Ursprünglich hieß es statt "Ehe und Familie stehen unter dem besonderen Schutze der staatlichen Ordnung" sogar

"Die Ehe als rechtmäßige Form der fortdauernden Lebensgemeinschaft von Mann und Frau und die mit ihr gegebene
Familie sowie die aus der Ehe und der Zugehörigkeit zur Familie fließenden Rechte und Pflichten stehen unter dem besonderen Schutz der Verfassung",
wurde aber nach kontroverser Debatte mit knapper Mehrheit von Hauptausschuß verworfen.

Bis in die 70'er galt die Vorstellung der Hausfrauenehe. OffT: Stichworte : Zerrüttungs- statt Schuldprinzip; Zustimmung des Ehemanns zu Erwerbstätigkeit.
 
Frage mich, welche persönlichen Nachteile die Gegner hier wegen der Homo-Ehe haben....
 
Welche Relevanz sollte diese Frage haben?
 
Beantworte sie doch einfach.
Vielleicht verstehe ich es ja dann. Aber anscheinend kommt da nix.
 
Man muss keinen persönlichen Nachteil haben um etwas nicht toll zu finden. Sollen die Kinder in Afrika halt verhungern. :unknown: Und Grüne Tapete mag ich überhaupt nicht.
 
@Hector:

Ok. mal sehen ob Du es verstehst.

Insbesondere bei grundsätzlichen Fragen, so grundsätzlich, daß das Grundgesetzt davon betroffen ist, bedarf es keiner direkten Betroffenheit als Einzelfall.
Man kann also z.B. über Artikel 2 und körperliche Unversehrtheit diskutieren, auch wenn man weder Vor- noch Nachteile davon hat, ob jetzt Jungen, die man gar nicht kennt , beschnitten werden, oder nicht.

Verstanden?
 
Und warum ist der Beitrag dämlich? Mit meiner Katze kann ich genauso wenig ein Kind zeugen wie ich es mit einem Mann kann.
Dann versuch mal, deiner Katze das Ja-Wort zu entlocken. Maßgeblich für eine Beziehung und insbesondere sexuelle Handlungen, sollte doch wohl das Einverständnis aller Beteiligten sein.

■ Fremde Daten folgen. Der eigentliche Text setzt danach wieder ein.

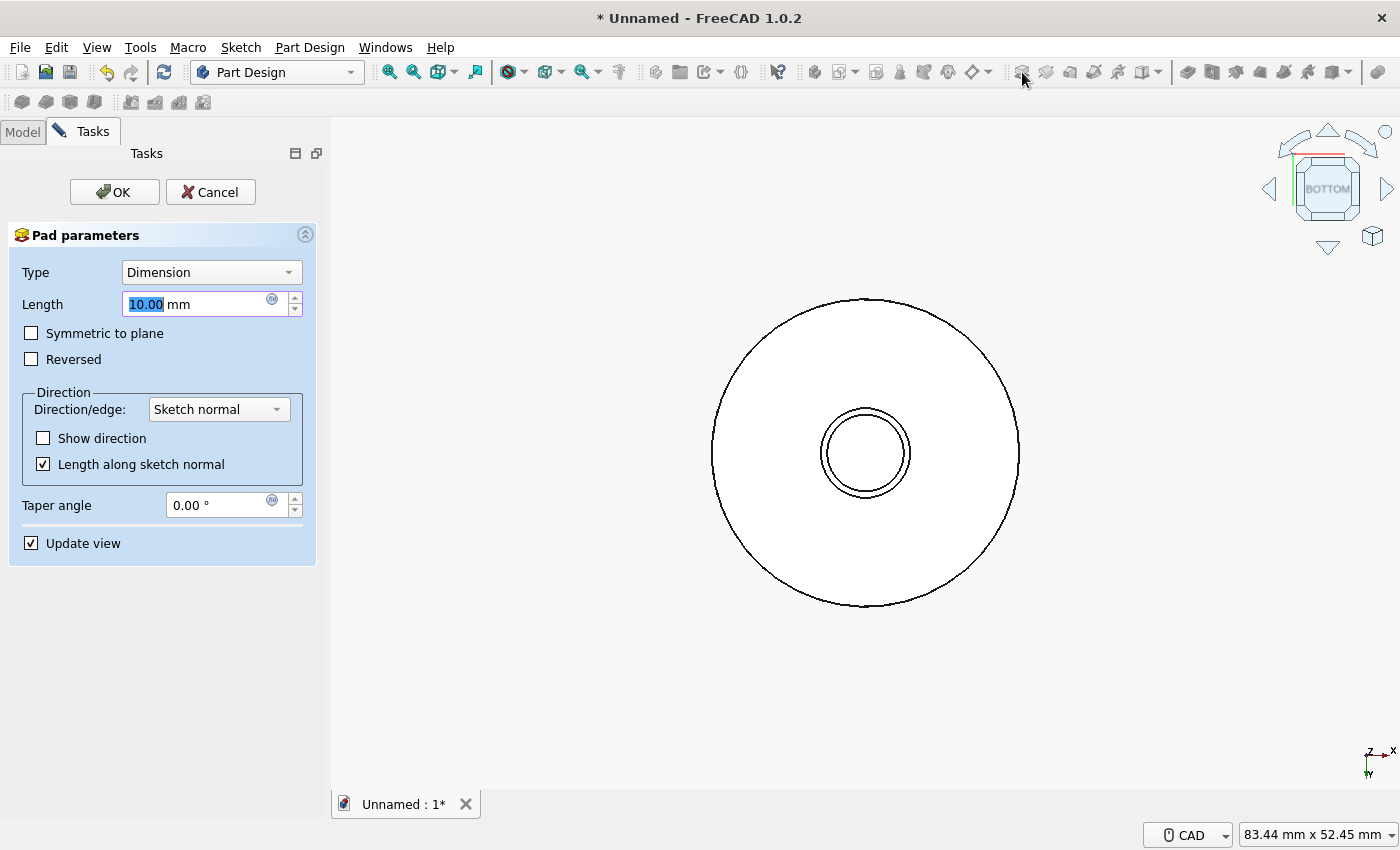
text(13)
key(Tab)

Dein Beitrag ist dämlich und diskriminierend. Wenn du das nicht erkennen kannst, solltest du evtl. wirklich deine Katze heiraten, denn dann ist dein Ehepartner mit dir auf einer geistigen Ebene.
Ich bin mir nicht sicher, ob du der Katze nicht evtl. Unrecht tust. ;)

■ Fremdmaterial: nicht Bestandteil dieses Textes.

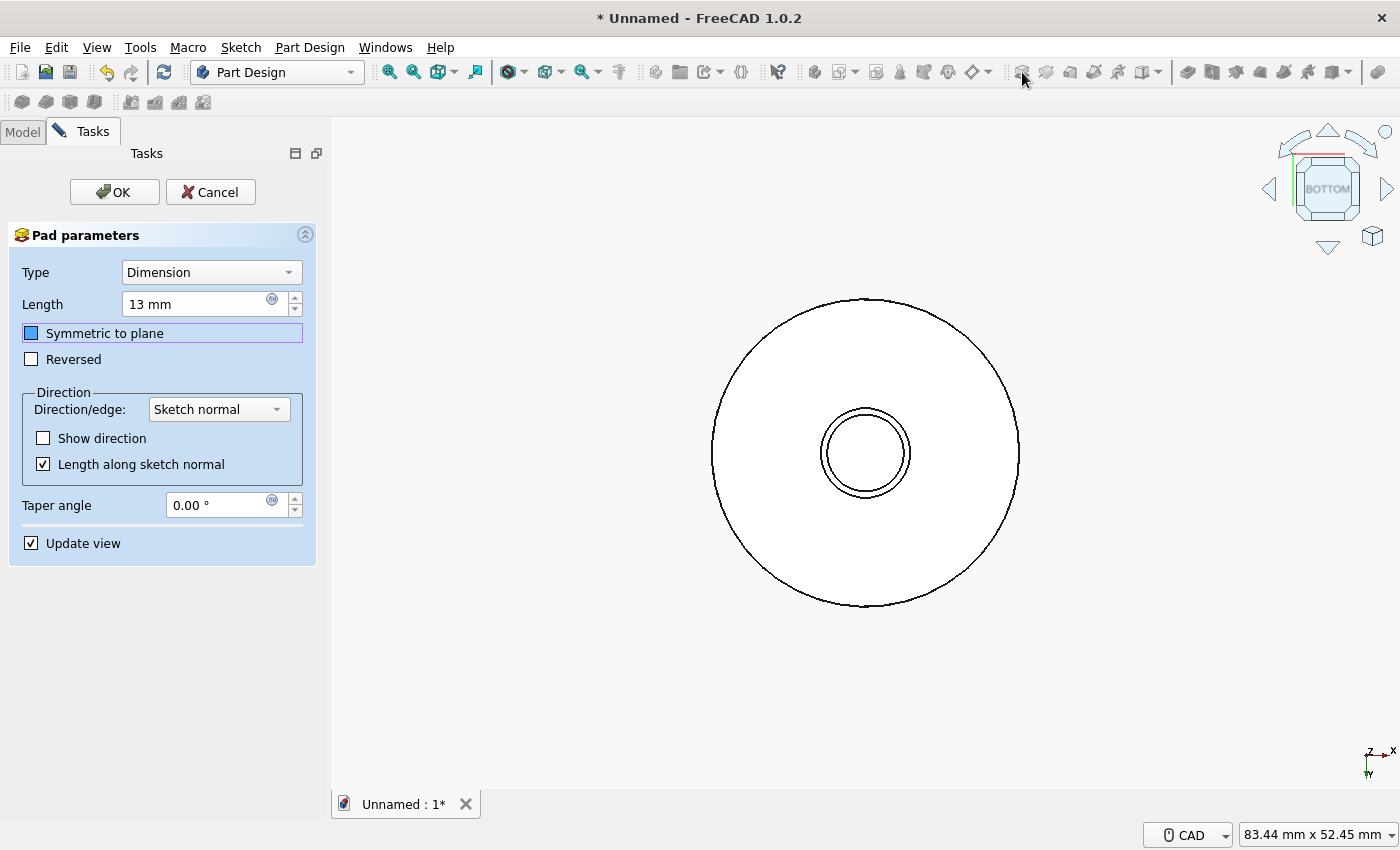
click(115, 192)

Insbesondere bei grundsätzlichen Fragen, so grundsätzlich, daß das Grundgesetzt davon betroffen ist, bedarf es keiner direkten Betroffenheit als Einzelfall.
Und trotzdem gibt es keinen sachlichen Grund, gegen die Homo-Ehe zu sein. Das merkt man auch an den Begründungen der Gegner.
 
Und trotzdem gibt es keinen sachlichen Grund, gegen die Homo-Ehe zu sein. Das merkt man auch an den Begründungen der Gegner.
Jahrzehntelang hat sogar das Bundesverfassungsgericht die Benachteiligung und strafrechtliche Aburteilung von Homosexuellen als rechtens erkannt. Das alles schön begründet, so wie es sich für ein Gericht gehört. Moralvorstellungen mit vermeitnlich sachlichen Argumenten zu untermauern ist keine große Kunst, wie man selbst an Höchstgerichten sieht.
Wer sich echt haarsträubende Begründungen antun will, der soll sich einfach mal die strafrechtliche Benachteiligung von homosexuellen männlichen Jugendlichen gegenüber weiblichen Jugendlichen zu gemüte führen, die es noch bis in die 90iger Jahre gab.